Marc and Gesar's epic neurotic adventures in Kham.
Way back in 1991, when Gesar and I were in India with our Lord and master*, Rimpoche suddenly came up with the bright idea that we (ie G and I) should go to Tibet, and that Gesar should be recognized by his monastery as the incarnation of Shechen Kontrtul Rimpoche. Whaa? I hear you say. Ok, a little bit of backgrounding is in order- I apologize. There are a few concepts here that may need explaining. So, I will try to make this all as simple as possible.

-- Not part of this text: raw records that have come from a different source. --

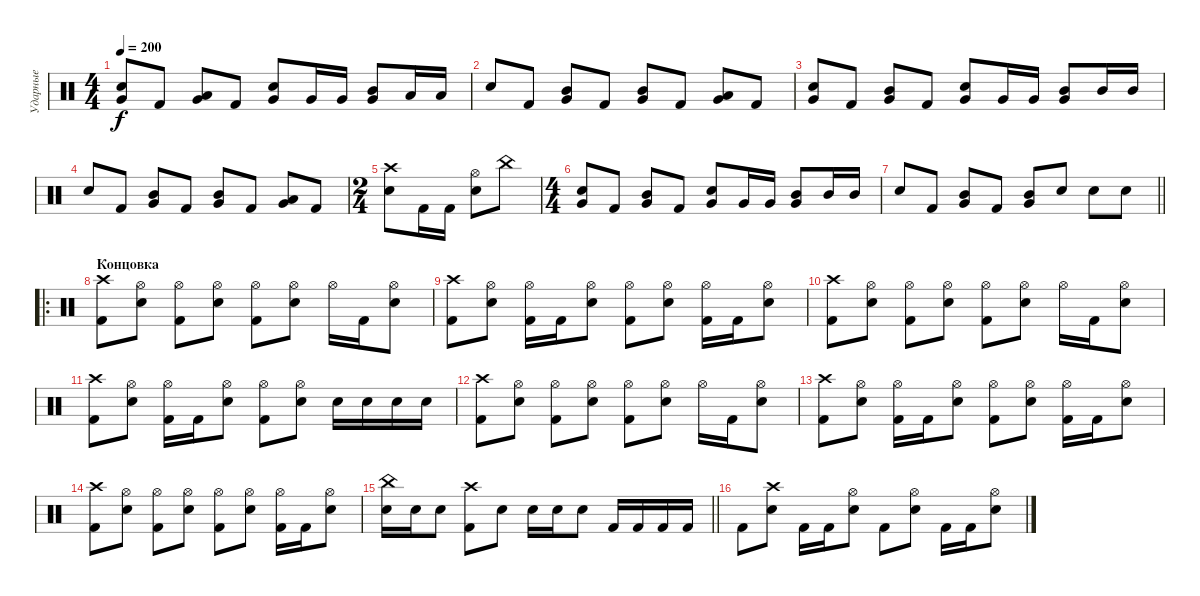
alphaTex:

\track ("Ударные" "Ударные") {instrument percussion}
\staff {score}
\articulation defaults
\ts (4 4)
\tempo 200
\clef neutral
\ks c
("Very Low Tom (hit)" "Electric Snare (hit)").8{dy f} "Kick (hit) 2".8 ("Very Low Tom (hit)" "Low Floor Tom (hit)").8 "Kick (hit) 2".8 ("Very Low Tom (hit)" "Electric Snare (hit)").8 "Very Low Tom (hit)".16 "Very Low Tom (hit)".16 ("Very Low Tom (hit)" "Mid Tom (hit)").8 "Low Floor Tom (hit)".16 "Low Floor Tom (hit)".16 |
"Electric Snare (hit)".8 "Kick (hit) 2".8 ("Very Low Tom (hit)" "Mid Tom (hit)").8 "Kick (hit) 2".8 ("Very Low Tom (hit)" "Mid Tom (hit)").8 "Kick (hit) 2".8 ("Very Low Tom (hit)" "Low Tom (hit)").8 "Kick (hit) 2".8 |
("Very Low Tom (hit)" "Electric Snare (hit)").8 "Kick (hit) 2".8 ("Very Low Tom (hit)" "Mid Tom (hit)").8 "Kick (hit) 2".8 ("Very Low Tom (hit)" "Electric Snare (hit)").8 "Very Low Tom (hit)".16 "Very Low Tom (hit)".16 ("Very Low Tom (hit)" "Mid Tom (hit)").8 "Mid Tom (hit)".16 "Mid Tom (hit)".16 |
"Electric Snare (hit)".8 "Kick (hit) 2".8 ("Very Low Tom (hit)" "Mid Tom (hit)").8 "Kick (hit) 2".8 ("Very Low Tom (hit)" "Mid Tom (hit)").8 "Kick (hit) 2".8 ("Very Low Tom (hit)" "Low Tom (hit)").8 "Kick (hit) 2".8 |
\ts (2 4)
("Electric Snare (hit)" "Crash high (hit)").8 "Kick (hit) 2".16 "Kick (hit) 2".16 ("Electric Snare (hit)" "Hi-Hat (open)").8 "China (hit)".8 |
\ts (4 4)
("Very Low Tom (hit)" "Electric Snare (hit)").8 "Kick (hit) 2".8 ("Very Low Tom (hit)" "Mid Tom (hit)").8 "Kick (hit) 2".8 ("Very Low Tom (hit)" "Electric Snare (hit)").8 "Very Low Tom (hit)".16 "Very Low Tom (hit)".16 ("Very Low Tom (hit)" "Mid Tom (hit)").8 "Mid Tom (hit)".16 "Mid Tom (hit)".16 |
\barLineRight lightlight "Electric Snare (hit)".8 "Kick (hit) 2".8
("Very Low Tom (hit)" "Mid Tom (hit)").8 "Kick (hit) 2".8 ("Very Low Tom (hit)" "Mid Tom (hit)").8 "Electric Snare (hit)".8 "Electric Snare (hit)".8 "Electric Snare (hit)".8 |
\ro
\section ("" "Концовка")
("Crash high (hit)" "Kick (hit) 2").8 ("Hi-Hat (open)" "Electric Snare (hit)").8 ("Hi-Hat (open)" "Kick (hit) 2").8 ("Hi-Hat (open)" "Electric Snare (hit)").8 ("Hi-Hat (open)" "Kick (hit) 2").8 ("Hi-Hat (open)" "Electric Snare (hit)").8 "Hi-Hat (open)".16 "Kick (hit) 2".16 ("Hi-Hat (open)" "Electric Snare (hit)").8 |
("Crash high (hit)" "Kick (hit) 2").8 ("Hi-Hat (open)" "Electric Snare (hit)").8 ("Hi-Hat (open)" "Kick (hit) 2").16 "Kick (hit) 2".16 ("Hi-Hat (open)" "Electric Snare (hit)").8 ("Hi-Hat (open)" "Kick (hit) 2").8 ("Hi-Hat (open)" "Electric Snare (hit)").8 ("Hi-Hat (open)" "Kick (hit) 2").16 "Kick (hit) 2".16 ("Hi-Hat (open)" "Electric Snare (hit)").8 |
("Crash high (hit)" "Kick (hit) 2").8 ("Hi-Hat (open)" "Electric Snare (hit)").8 ("Hi-Hat (open)" "Kick (hit) 2").8 ("Hi-Hat (open)" "Electric Snare (hit)").8 ("Hi-Hat (open)" "Kick (hit) 2").8 ("Hi-Hat (open)" "Electric Snare (hit)").8 "Hi-Hat (open)".16 "Kick (hit) 2".16 ("Hi-Hat (open)" "Electric Snare (hit)").8 |
("Crash high (hit)" "Kick (hit) 2").8 ("Hi-Hat (open)" "Electric Snare (hit)").8 ("Hi-Hat (open)" "Kick (hit) 2").16 "Kick (hit) 2".16 ("Hi-Hat (open)" "Electric Snare (hit)").8 ("Hi-Hat (open)" "Kick (hit) 2").8 ("Hi-Hat (open)" "Electric Snare (hit)").8 "Electric Snare (hit)".16 "Electric Snare (hit)".16 "Electric Snare (hit)".16 "Electric Snare (hit)".16 |
("Crash high (hit)" "Kick (hit) 2").8 ("Hi-Hat (open)" "Electric Snare (hit)").8 ("Hi-Hat (open)" "Kick (hit) 2").8 ("Hi-Hat (open)" "Electric Snare (hit)").8 ("Hi-Hat (open)" "Kick (hit) 2").8 ("Hi-Hat (open)" "Electric Snare (hit)").8 "Hi-Hat (open)".16 "Kick (hit) 2".16 ("Hi-Hat (open)" "Electric Snare (hit)").8 |
("Crash high (hit)" "Kick (hit) 2").8 ("Hi-Hat (open)" "Electric Snare (hit)").8 ("Hi-Hat (open)" "Kick (hit) 2").16 "Kick (hit) 2".16 ("Hi-Hat (open)" "Electric Snare (hit)").8 ("Hi-Hat (open)" "Kick (hit) 2").8 ("Hi-Hat (open)" "Electric Snare (hit)").8 ("Hi-Hat (open)" "Kick (hit) 2").16 "Kick (hit) 2".16 ("Hi-Hat (open)" "Electric Snare (hit)").8 |
("Crash high (hit)" "Kick (hit) 2").8 ("Hi-Hat (open)" "Electric Snare (hit)").8 ("Hi-Hat (open)" "Kick (hit) 2").8 ("Hi-Hat (open)" "Electric Snare (hit)").8 ("Hi-Hat (open)" "Kick (hit) 2").8 ("Hi-Hat (open)" "Electric Snare (hit)").8 ("Hi-Hat (open)" "Kick (hit) 2").16 "Kick (hit) 2".16 ("Hi-Hat (open)" "Electric Snare (hit)").8 |
\barLineRight lightlight
("Electric Snare (hit)" "China (hit)").16 "Electric Snare (hit)".16 "Electric Snare (hit)".8 ("Kick (hit) 2" "Crash high (hit)").8 "Electric Snare (hit)".8 "Electric Snare (hit)".16 "Electric Snare (hit)".16 "Electric Snare (hit)".8 "Kick (hit) 2".16 "Kick (hit) 2".16 "Kick (hit) 2".16 "Kick (hit) 2".16 |
"Kick (hit) 2".8 ("Electric Snare (hit)" "Crash high (hit)").8 "Kick (hit) 2".16 "Kick (hit) 2".16 ("Electric Snare (hit)" "Hi-Hat (open)").8 "Kick (hit) 2".8 ("Electric Snare (hit)" "Hi-Hat (open)").8 "Kick (hit) 2".16 "Kick (hit) 2".16 ("Electric Snare (hit)" "Hi-Hat (open)").8

Gesar is the son of Chogyam Trungpa(1939-1987), a great mahasiddha, crazy yogi and spiritual revolutionary who performed multiple miracles in North America and Europe, and was a pioneer in the spread of the buddhadharma in the west. His most famous miracle was turning a bunch of long-haired pot smoking drop-out Grateful Dead following hippies into a bunch of suit wearing, uptight starbucks coffee drinking middle-class Americans, heavily influenced by too many viewings of samurai era Akira Kurosawa movies (yes, this is said toungue in cheek). Trungpa Rimpoche set up the Shambala community that spreads now throughout the world, teaching an ecumenical form of Tibetan Buddhism (which is often referred to as the Rime school). It was the community that raised me in the Dharma, the place where I met my teacher, Dzongsar Rimpoche, and a true refuge for a failed international pop-star such as myself; for that I am eternally grateful.
To cut a long story short, Gesar was recognized when still a child as a reincarnation of a great tibetan yogi, Shechen Kongtrul Rimpoche, whose monastery lies in the high and wild hills of eastern Kham in Tibet. Having been raised almost completely in North America, and basically divorced from any kind of traditional buddhist training, he had the stigma of being one of the sons of a 'Great man', whose followers had dreams and expectations for him that way exceeded reality. When I first met Gesar, he was what could be considered as a modern rendition of Ghengis Khan. Approximately 16 years old, weighed approxmately 220 pounds, he was an American football linebacker, part time rapper and terror of the International Shambala community. He was considered by most of the Shambala community as totally uncontrollable and unpredictable.
The day of our meeting that first fateful day in 1990 witnessed several auspicious signs, the evening meal at Rocky Mountain Dharma Center was proclaimed to be delicious, and several rainbows had been seen over the Vajra campsite latrine. It was for me, love at first site, a meeting of two neurotic minds bent on the same goal: the destruction of the peaceful heartfelt world of the average touchy-feely buddhist sangha member. A big burly arm was flung over my shoulder, and I was ceremoniously led to his luxurious accomodations ( a beat up old streamliner trailer) in a quiet corner of the 400 acre retreat center, where we and a few of his close followers engaged in the traditional North American welcoming ceremony of smoking a very well packed Indian peace pipe.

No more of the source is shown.